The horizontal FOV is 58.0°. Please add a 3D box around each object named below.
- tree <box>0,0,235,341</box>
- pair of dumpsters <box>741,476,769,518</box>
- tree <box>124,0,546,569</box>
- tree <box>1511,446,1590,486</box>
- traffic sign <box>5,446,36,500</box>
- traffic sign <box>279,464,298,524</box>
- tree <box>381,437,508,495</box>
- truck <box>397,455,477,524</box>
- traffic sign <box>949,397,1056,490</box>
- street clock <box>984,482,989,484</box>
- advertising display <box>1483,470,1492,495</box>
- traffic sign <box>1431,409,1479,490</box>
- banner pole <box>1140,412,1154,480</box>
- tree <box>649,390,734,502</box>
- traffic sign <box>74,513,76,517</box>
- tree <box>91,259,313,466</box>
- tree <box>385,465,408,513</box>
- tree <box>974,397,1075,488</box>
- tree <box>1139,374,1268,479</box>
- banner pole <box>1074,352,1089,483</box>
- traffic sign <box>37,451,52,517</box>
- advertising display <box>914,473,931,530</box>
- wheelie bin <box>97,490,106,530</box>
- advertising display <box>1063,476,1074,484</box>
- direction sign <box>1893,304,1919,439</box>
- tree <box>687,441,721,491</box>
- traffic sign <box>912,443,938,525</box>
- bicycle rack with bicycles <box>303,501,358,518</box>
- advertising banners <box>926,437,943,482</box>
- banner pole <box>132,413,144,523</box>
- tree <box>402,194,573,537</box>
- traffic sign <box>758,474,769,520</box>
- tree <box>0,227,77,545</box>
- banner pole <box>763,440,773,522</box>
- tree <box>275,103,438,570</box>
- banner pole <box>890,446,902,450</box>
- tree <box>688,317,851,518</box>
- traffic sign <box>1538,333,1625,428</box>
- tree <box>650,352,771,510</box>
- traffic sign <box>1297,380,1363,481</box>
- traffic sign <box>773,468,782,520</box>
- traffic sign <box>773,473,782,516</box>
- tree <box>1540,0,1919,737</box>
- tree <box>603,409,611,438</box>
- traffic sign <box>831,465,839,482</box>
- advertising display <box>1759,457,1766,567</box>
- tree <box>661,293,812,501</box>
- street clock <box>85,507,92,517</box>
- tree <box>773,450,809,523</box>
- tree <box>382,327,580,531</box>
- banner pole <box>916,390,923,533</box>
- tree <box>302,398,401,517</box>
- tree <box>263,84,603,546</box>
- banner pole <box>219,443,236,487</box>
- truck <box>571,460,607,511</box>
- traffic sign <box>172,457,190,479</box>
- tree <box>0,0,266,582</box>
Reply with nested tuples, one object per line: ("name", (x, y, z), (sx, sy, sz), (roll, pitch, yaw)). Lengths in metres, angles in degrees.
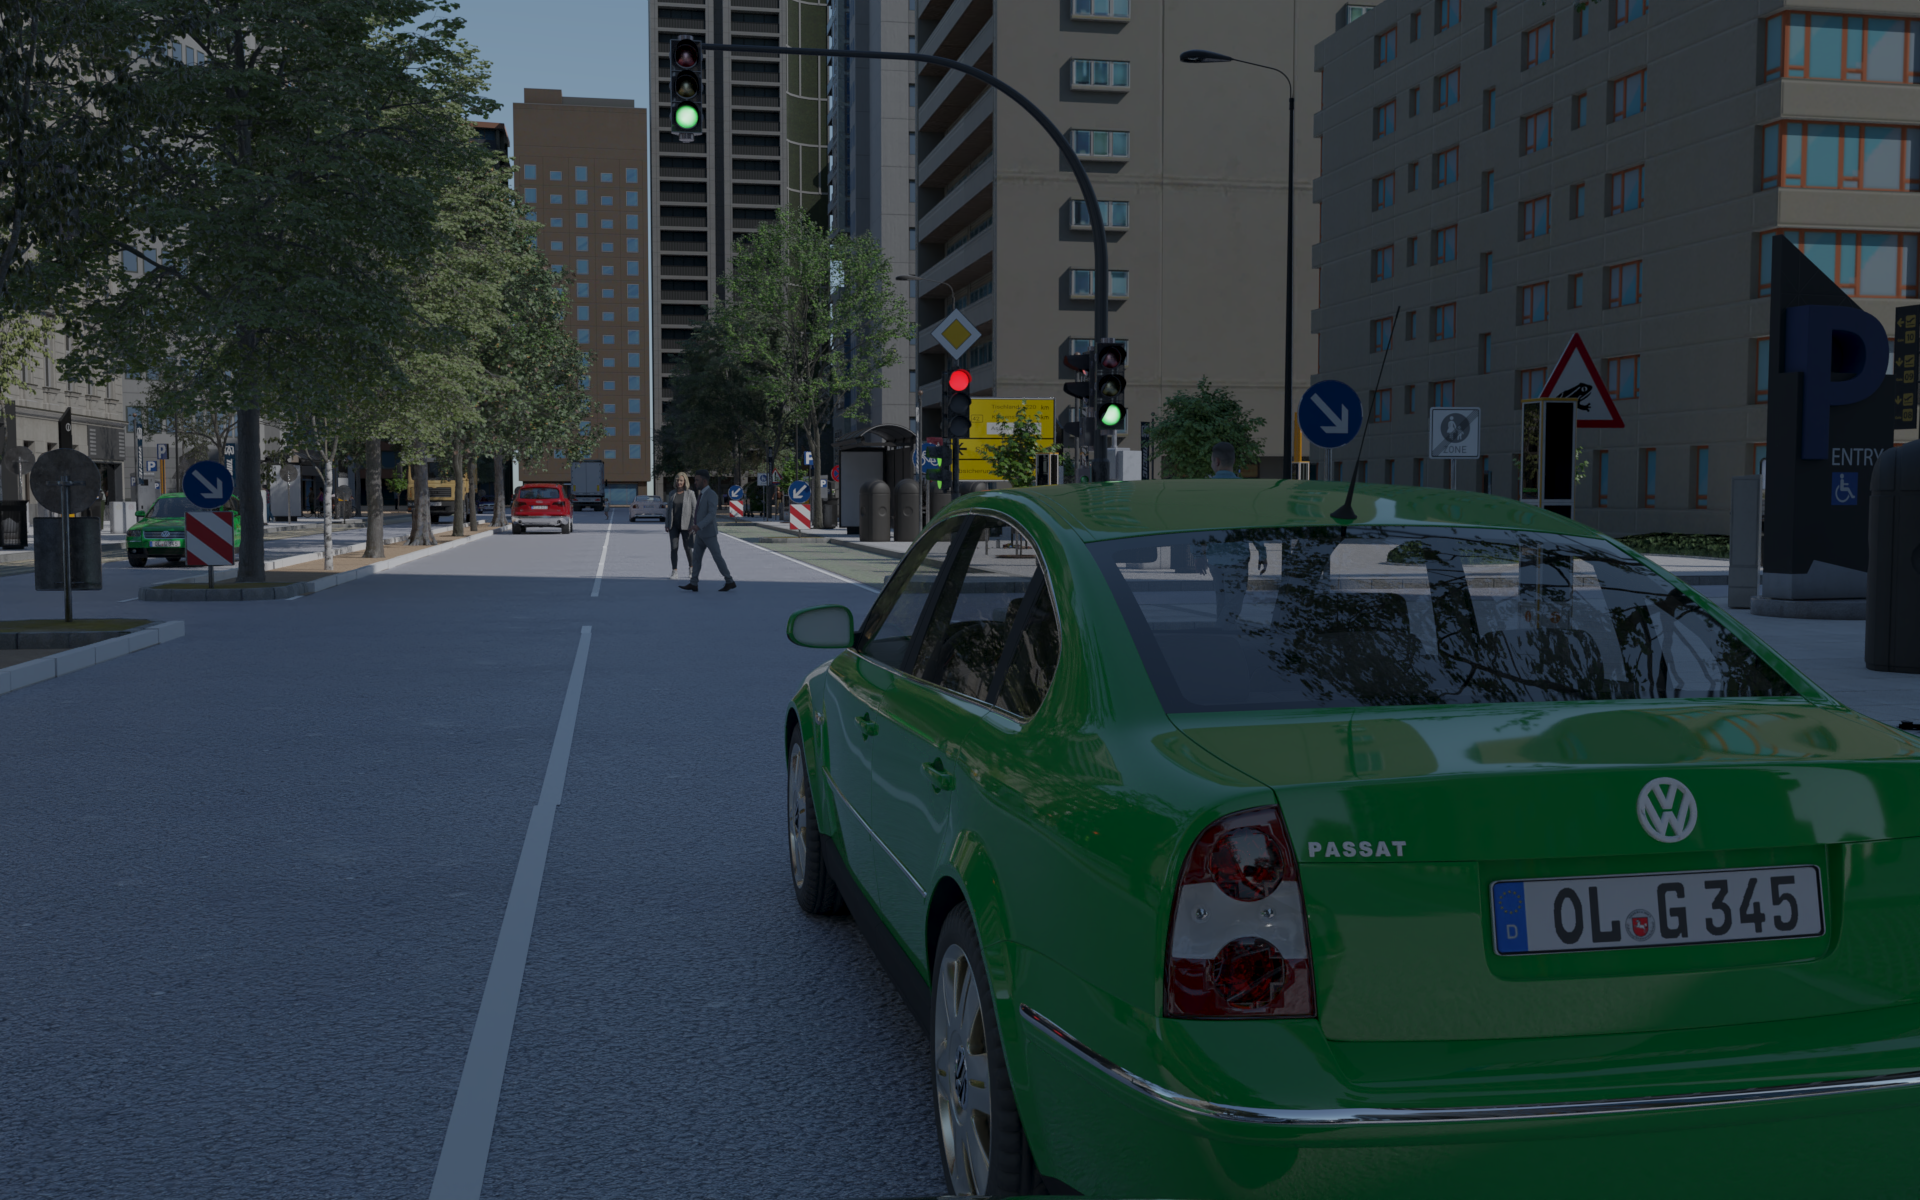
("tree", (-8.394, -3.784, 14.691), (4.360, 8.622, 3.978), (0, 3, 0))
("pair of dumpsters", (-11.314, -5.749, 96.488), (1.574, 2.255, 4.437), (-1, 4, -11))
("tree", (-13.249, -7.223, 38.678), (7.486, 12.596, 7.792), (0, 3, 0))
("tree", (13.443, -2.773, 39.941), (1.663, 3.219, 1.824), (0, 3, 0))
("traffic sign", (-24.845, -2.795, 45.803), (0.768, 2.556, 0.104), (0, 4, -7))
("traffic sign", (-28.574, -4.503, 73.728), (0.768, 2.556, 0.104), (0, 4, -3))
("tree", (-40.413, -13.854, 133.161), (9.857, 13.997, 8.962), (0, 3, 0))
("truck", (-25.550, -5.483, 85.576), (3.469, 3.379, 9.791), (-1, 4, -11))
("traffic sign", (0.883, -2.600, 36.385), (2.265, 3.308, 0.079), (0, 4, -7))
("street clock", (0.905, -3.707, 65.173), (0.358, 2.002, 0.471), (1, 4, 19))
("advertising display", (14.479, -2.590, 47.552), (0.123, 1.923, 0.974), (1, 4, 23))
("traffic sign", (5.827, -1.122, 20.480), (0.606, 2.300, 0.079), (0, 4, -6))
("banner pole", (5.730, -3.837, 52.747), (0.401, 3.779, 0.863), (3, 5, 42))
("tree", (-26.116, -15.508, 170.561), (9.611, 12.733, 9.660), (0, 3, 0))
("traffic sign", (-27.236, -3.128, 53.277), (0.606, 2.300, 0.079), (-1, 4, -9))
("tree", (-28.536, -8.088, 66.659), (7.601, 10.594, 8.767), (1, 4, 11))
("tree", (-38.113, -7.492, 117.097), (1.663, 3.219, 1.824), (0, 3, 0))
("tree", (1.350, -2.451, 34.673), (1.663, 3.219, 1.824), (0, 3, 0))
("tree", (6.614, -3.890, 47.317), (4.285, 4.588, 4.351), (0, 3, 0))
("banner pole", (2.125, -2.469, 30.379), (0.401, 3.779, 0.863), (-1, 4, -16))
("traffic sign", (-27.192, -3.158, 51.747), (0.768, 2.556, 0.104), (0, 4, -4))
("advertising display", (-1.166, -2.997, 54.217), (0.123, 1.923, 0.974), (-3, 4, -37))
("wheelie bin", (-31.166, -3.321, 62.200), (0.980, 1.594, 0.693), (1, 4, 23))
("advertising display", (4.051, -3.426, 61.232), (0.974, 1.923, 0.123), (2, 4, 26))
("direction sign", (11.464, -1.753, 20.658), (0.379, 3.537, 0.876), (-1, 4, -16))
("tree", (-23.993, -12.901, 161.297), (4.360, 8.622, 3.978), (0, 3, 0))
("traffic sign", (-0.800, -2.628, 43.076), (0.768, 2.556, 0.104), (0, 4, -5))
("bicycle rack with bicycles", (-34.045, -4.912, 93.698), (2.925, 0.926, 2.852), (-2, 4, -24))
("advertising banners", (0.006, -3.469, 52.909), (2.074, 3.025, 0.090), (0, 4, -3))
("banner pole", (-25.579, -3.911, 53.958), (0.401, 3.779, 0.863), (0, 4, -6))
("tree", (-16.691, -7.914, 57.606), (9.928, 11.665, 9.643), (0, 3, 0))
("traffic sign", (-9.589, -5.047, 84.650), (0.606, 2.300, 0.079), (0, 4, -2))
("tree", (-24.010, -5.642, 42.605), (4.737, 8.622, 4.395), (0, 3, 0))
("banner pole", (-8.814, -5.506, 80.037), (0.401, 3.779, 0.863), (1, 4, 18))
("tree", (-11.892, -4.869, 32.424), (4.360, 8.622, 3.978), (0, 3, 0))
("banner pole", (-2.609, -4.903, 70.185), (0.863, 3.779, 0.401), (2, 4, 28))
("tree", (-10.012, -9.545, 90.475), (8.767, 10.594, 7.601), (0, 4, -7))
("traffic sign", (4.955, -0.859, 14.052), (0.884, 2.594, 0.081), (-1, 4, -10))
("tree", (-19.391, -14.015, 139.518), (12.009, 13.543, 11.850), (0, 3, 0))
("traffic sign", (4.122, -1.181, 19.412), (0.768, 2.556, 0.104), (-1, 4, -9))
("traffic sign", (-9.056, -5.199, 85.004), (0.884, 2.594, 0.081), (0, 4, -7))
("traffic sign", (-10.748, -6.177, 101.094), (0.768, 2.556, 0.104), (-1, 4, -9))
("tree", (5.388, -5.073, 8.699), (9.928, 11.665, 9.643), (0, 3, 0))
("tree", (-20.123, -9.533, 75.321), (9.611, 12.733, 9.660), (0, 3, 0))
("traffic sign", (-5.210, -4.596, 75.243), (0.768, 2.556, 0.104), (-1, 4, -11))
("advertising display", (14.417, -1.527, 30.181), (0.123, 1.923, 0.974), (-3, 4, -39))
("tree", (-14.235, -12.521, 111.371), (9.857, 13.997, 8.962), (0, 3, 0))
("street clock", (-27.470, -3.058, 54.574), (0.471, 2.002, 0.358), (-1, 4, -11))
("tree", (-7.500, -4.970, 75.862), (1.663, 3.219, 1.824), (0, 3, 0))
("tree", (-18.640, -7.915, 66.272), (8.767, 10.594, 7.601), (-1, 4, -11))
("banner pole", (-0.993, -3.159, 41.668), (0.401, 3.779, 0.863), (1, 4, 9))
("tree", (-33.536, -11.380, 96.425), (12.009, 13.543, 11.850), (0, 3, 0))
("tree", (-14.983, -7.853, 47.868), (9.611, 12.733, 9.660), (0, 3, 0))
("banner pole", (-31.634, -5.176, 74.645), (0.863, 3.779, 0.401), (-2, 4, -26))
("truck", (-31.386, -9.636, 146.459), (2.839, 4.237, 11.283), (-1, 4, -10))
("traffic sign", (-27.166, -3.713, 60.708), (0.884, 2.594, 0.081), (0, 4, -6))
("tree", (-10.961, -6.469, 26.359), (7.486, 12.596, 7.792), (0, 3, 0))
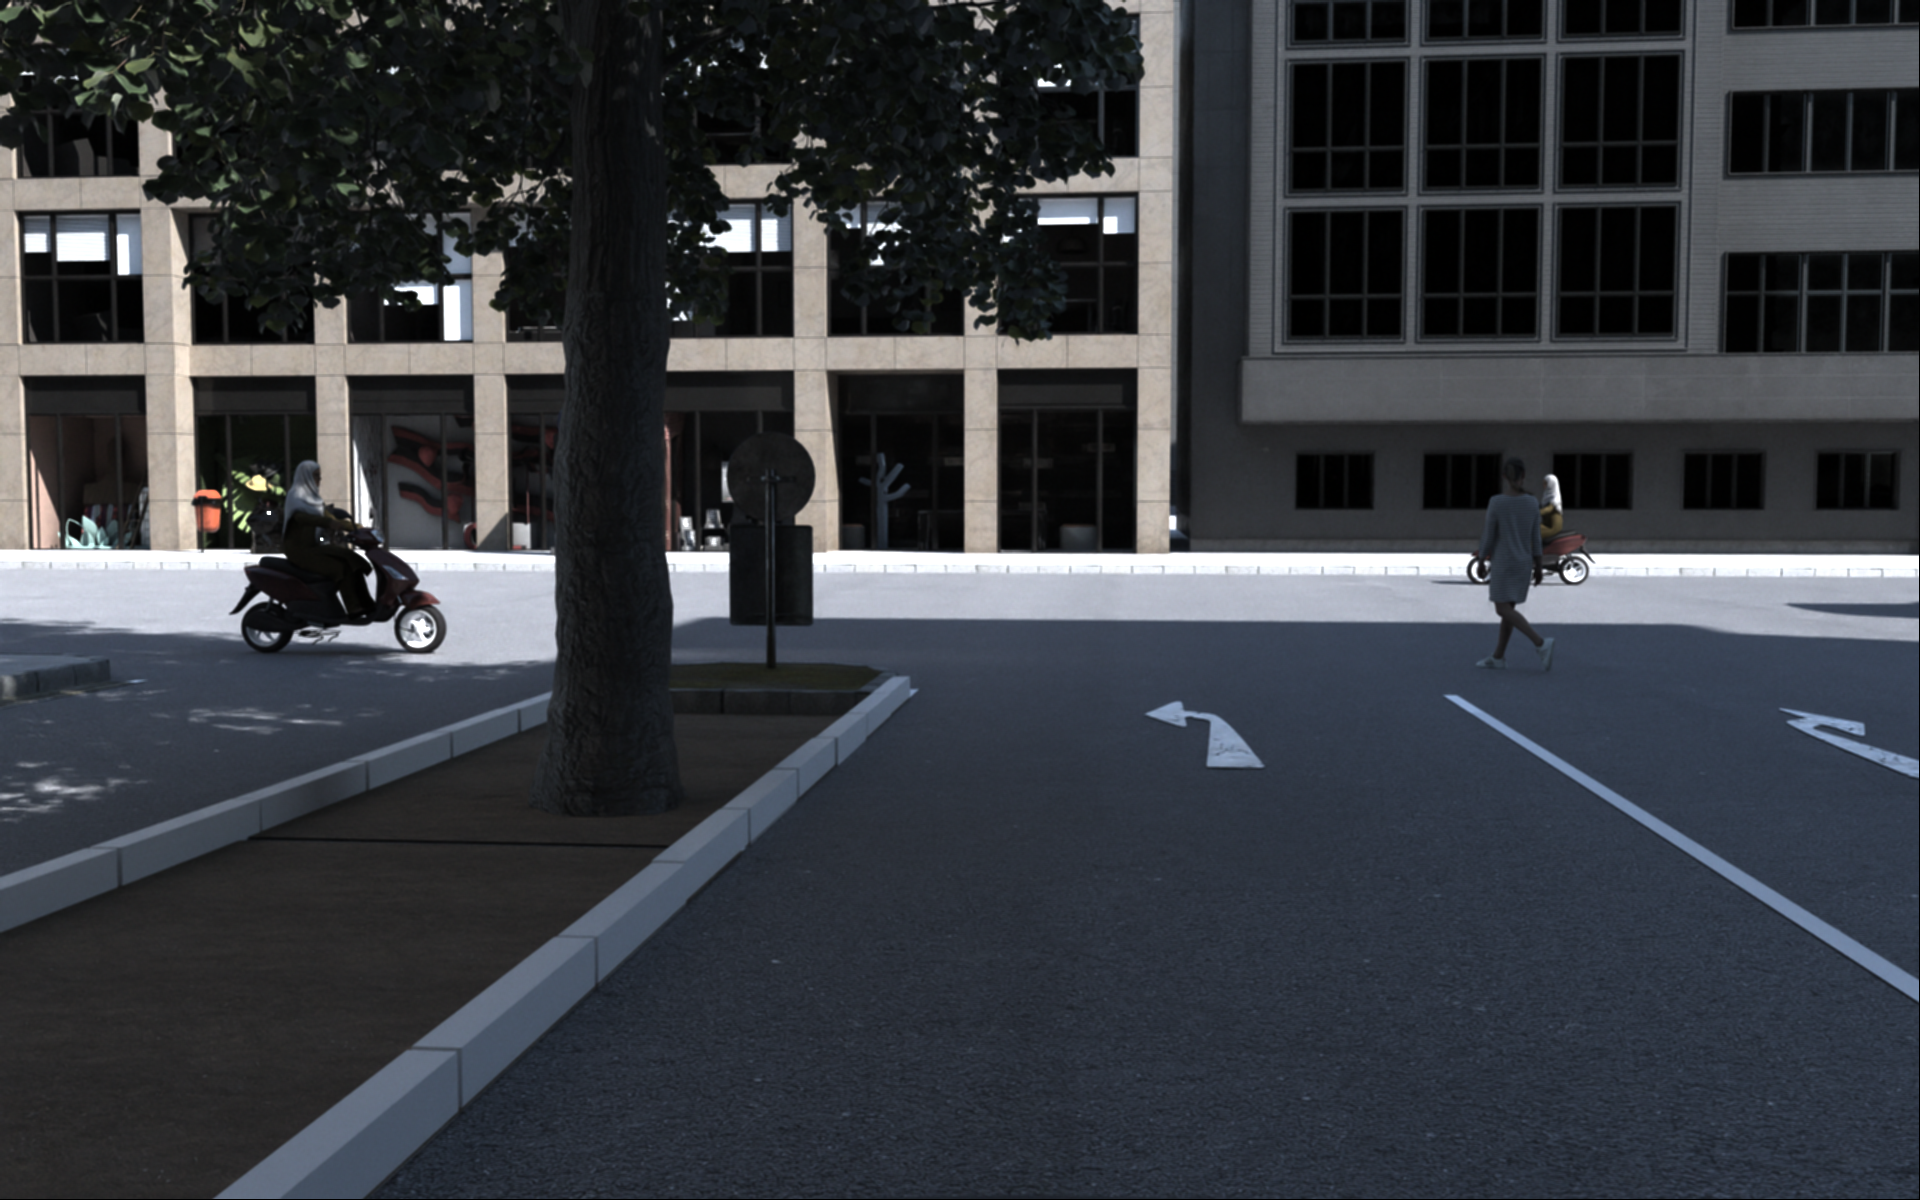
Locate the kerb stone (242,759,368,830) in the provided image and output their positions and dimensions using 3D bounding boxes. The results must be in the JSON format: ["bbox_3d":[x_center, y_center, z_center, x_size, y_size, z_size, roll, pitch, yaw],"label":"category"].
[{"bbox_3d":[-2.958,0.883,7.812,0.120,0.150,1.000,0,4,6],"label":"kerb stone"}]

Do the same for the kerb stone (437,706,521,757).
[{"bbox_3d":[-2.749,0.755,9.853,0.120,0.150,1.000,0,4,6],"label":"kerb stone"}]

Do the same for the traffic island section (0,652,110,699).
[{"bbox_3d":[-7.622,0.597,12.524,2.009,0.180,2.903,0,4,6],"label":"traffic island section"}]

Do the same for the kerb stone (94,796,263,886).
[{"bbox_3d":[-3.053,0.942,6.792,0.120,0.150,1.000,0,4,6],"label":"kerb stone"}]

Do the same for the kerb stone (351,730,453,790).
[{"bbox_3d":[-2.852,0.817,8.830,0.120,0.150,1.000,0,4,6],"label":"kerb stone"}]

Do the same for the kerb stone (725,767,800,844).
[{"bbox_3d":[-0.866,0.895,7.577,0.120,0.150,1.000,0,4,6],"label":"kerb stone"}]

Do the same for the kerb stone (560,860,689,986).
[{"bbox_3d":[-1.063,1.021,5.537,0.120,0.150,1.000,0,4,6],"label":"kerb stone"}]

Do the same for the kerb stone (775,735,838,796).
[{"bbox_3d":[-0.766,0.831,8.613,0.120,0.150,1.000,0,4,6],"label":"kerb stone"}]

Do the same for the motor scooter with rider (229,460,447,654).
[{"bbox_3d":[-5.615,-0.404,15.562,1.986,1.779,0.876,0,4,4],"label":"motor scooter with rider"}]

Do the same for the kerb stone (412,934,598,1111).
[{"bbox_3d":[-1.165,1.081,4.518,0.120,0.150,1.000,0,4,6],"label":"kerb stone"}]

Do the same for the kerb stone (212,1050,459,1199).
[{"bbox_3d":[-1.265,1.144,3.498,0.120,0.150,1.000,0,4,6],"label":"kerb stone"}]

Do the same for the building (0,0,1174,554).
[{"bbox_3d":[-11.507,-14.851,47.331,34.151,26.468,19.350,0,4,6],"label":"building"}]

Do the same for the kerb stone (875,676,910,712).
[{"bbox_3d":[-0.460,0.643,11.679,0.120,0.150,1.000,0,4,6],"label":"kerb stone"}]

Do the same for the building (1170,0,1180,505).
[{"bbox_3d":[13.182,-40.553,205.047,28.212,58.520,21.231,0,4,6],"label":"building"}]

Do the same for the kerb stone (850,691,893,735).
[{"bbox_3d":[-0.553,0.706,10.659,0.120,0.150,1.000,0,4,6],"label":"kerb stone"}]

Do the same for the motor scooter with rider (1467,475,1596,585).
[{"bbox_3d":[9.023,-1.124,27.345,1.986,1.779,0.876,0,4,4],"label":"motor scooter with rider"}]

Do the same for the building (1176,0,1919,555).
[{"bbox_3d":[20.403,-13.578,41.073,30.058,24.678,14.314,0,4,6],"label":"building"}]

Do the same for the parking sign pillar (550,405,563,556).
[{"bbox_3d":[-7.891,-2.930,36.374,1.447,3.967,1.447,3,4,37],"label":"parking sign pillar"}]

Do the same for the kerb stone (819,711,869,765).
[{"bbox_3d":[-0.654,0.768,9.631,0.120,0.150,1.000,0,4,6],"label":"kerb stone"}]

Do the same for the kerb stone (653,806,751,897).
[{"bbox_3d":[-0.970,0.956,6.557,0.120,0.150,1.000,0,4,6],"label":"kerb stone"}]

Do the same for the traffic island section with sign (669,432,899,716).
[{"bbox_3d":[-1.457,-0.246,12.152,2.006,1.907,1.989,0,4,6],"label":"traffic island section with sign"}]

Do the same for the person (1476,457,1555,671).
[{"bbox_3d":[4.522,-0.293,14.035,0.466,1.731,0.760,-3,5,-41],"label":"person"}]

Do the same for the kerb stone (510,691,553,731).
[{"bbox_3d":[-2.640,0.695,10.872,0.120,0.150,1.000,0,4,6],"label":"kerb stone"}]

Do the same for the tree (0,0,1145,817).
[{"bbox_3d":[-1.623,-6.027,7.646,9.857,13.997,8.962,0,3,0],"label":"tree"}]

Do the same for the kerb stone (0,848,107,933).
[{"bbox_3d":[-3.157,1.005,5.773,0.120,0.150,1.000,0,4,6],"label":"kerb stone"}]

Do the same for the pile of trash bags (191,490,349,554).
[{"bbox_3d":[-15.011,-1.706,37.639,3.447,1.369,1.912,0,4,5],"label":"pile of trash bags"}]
--*--
* INSTRUCTIONS FOR THE TASK *
Beginning at the first line above, repeat exactly until the line containing "- tree <box>1139,374,1268,479</box>", which is included.

* ANSWER SECTION *
The horizontal FOV is 58.0°. Please add a 3D box around each object named below.
- tree <box>0,0,235,341</box>
- pair of dumpsters <box>741,476,769,518</box>
- tree <box>124,0,546,569</box>
- tree <box>1511,446,1590,486</box>
- traffic sign <box>5,446,36,500</box>
- traffic sign <box>279,464,298,524</box>
- tree <box>381,437,508,495</box>
- truck <box>397,455,477,524</box>
- traffic sign <box>949,397,1056,490</box>
- street clock <box>984,482,989,484</box>
- advertising display <box>1483,470,1492,495</box>
- traffic sign <box>1431,409,1479,490</box>
- banner pole <box>1140,412,1154,480</box>
- tree <box>649,390,734,502</box>
- traffic sign <box>74,513,76,517</box>
- tree <box>91,259,313,466</box>
- tree <box>385,465,408,513</box>
- tree <box>974,397,1075,488</box>
- tree <box>1139,374,1268,479</box>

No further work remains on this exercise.